• [Task to carry out]: Using the data beneath, show every line that includes the word "forward".
[Materials provided Boundary: Start]
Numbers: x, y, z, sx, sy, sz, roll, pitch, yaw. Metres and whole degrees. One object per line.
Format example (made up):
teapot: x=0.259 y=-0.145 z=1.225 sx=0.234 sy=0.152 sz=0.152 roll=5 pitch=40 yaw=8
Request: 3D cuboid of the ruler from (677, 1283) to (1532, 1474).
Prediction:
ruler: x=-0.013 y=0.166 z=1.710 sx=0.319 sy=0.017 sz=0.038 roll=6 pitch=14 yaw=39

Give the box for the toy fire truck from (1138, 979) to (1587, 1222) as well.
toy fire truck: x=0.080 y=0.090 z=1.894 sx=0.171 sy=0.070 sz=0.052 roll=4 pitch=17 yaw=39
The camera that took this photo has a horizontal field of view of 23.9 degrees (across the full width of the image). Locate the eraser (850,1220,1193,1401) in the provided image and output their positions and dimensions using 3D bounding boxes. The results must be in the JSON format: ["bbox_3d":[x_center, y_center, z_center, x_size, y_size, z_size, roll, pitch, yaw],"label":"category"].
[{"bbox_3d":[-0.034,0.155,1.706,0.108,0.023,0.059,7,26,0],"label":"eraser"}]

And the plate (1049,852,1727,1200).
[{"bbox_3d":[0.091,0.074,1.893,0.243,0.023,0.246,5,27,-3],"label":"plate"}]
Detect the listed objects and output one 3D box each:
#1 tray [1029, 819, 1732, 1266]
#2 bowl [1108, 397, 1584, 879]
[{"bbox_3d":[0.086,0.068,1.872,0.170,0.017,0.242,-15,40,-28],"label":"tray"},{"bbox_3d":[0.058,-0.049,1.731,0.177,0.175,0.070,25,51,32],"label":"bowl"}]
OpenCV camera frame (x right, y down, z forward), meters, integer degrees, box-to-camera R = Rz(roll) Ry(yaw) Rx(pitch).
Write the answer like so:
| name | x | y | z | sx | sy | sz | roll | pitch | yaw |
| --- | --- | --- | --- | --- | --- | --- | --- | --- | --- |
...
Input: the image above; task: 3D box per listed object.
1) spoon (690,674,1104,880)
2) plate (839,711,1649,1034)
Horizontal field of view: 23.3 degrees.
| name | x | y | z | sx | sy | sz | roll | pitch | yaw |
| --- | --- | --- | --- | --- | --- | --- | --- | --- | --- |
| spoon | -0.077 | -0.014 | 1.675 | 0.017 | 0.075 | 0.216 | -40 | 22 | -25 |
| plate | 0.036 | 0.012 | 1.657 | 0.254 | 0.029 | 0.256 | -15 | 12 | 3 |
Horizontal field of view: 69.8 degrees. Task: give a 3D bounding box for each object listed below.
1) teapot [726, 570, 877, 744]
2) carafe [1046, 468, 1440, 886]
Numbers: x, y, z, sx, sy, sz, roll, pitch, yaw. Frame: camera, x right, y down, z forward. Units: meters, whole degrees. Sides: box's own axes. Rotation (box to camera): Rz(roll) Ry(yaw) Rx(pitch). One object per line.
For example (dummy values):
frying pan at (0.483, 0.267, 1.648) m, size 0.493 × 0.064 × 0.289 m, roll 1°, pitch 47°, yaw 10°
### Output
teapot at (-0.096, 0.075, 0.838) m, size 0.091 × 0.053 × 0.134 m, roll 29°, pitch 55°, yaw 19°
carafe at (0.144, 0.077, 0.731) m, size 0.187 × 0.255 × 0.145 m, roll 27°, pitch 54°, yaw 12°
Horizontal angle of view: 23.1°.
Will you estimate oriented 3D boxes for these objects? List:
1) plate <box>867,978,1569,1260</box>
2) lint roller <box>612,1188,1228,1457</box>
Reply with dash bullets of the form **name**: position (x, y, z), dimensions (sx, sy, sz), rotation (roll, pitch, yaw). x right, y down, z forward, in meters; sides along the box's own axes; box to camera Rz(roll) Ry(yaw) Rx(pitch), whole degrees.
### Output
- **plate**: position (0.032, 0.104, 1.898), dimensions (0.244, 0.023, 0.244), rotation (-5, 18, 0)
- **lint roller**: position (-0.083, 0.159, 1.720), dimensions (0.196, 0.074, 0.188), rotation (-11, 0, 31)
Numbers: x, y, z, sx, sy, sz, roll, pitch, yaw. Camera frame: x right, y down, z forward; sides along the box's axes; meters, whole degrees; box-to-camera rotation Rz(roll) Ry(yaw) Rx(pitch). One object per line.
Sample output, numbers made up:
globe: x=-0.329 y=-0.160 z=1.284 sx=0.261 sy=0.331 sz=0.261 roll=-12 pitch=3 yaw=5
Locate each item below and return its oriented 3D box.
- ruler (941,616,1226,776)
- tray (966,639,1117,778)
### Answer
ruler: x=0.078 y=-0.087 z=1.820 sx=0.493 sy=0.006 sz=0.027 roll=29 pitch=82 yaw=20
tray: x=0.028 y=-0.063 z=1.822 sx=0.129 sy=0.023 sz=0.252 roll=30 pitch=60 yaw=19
[Materials provided Boundary: End]
• [Task solution]:
OpenCV camera frame (x right, y down, z forward), meters, integer degrees, box-to-camera R = Rz(roll) Ry(yaw) Rx(pitch).
Numbers: x, y, z, sx, sy, sz, roll, pitch, yaw. Frame: camera, x right, y down, z forward. Units: meters, whole degrees. Sides: box's own axes. Rotation (box to camera): Rz(roll) Ry(yaw) Rx(pitch). One object per line.
Reply with dash bullets of the form **name**: position (x, y, z), dimensions (sx, sy, sz), rotation (roll, pitch, yaw). x right, y down, z forward, in meters; sides along the box's own axes; box to camera Rz(roll) Ry(yaw) Rx(pitch), whole degrees.
Numbers: x, y, z, sx, sy, sz, roll, pitch, yaw. Camera frame: x right, y down, z forward; sides along the box's axes; meters, whole degrees; box-to-camera rotation Rz(roll) Ry(yaw) Rx(pitch). One object per line.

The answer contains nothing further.